=== WHAT IS EXPECTED ===
Within the material, how many of the lines include the word "each"? State only that number.
Start of EXCERPTED RECORDS
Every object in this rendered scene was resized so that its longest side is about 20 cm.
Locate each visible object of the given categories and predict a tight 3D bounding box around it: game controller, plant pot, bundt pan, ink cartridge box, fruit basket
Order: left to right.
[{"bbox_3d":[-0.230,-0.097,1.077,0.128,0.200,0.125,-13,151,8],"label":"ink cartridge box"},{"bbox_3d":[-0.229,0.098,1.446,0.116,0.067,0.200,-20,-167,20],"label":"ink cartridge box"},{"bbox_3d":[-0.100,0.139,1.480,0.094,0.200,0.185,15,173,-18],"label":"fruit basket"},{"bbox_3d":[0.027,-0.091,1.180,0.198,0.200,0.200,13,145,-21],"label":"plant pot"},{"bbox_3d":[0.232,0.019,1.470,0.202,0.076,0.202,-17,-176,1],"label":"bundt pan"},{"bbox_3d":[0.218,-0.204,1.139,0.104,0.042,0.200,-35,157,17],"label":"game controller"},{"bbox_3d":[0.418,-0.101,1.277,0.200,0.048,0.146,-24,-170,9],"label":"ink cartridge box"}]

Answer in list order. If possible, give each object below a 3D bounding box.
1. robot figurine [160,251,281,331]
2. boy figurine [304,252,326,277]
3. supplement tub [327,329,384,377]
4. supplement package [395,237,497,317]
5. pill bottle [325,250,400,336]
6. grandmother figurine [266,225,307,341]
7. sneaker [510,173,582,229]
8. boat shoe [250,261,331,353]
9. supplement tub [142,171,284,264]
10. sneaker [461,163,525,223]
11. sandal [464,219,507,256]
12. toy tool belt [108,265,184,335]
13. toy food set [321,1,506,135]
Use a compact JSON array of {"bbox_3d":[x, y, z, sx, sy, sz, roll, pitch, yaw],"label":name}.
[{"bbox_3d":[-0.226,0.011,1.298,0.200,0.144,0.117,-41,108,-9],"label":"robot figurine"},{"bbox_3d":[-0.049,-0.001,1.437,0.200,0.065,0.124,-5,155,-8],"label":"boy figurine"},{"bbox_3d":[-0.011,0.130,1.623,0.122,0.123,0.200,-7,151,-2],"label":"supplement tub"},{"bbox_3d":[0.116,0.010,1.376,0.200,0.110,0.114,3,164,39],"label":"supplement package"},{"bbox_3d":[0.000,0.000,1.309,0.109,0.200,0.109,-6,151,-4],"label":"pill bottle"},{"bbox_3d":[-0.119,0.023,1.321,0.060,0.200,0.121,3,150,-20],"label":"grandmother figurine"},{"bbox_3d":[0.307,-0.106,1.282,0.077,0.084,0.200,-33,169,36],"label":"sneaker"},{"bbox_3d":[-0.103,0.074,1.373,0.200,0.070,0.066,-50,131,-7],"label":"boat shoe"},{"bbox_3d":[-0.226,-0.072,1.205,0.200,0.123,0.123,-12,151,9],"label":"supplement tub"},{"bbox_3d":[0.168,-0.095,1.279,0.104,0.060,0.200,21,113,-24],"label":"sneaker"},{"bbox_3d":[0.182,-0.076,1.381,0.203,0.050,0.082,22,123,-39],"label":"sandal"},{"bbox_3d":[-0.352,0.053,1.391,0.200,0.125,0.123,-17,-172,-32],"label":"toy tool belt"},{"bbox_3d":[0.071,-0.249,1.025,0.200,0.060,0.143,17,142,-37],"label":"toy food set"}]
End of EXCERPTED RECORDS
Start of EXCERPTED RECORDS
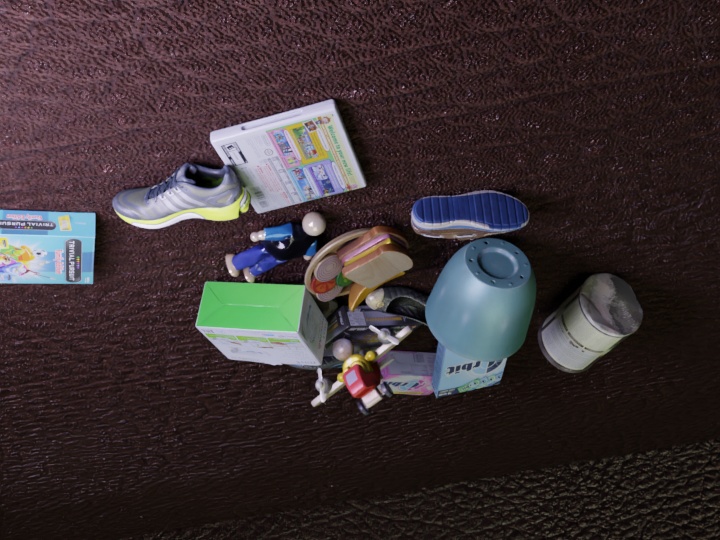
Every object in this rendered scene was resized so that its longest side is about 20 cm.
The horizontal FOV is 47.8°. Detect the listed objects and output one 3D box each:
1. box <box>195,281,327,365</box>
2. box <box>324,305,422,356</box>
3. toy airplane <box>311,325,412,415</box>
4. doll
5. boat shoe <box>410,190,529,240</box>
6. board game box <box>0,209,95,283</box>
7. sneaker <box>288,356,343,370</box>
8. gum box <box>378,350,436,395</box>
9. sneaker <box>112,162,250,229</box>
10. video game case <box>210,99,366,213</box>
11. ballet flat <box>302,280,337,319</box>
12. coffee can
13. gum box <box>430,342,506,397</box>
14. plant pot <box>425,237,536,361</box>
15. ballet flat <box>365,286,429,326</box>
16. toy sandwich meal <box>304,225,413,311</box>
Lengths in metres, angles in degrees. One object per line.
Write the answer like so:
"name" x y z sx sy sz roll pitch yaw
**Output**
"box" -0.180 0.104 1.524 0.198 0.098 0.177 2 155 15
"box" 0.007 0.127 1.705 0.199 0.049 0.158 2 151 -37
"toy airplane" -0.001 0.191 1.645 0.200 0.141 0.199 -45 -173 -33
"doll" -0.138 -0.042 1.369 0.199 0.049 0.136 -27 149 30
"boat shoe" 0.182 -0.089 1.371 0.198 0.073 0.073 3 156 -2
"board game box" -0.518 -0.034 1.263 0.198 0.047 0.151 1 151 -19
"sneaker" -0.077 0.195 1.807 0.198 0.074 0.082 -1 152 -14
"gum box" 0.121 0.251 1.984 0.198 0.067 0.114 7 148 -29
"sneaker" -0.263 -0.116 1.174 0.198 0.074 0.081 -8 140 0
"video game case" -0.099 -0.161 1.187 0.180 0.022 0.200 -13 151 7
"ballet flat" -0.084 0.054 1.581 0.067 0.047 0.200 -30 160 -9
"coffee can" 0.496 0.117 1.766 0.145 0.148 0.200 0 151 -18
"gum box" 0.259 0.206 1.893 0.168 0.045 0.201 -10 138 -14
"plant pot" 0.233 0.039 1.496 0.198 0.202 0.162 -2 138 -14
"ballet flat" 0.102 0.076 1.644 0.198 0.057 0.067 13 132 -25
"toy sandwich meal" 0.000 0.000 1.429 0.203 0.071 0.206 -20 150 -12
End of EXCERPTED RECORDS
=== THE COMPLETED TASK ===
3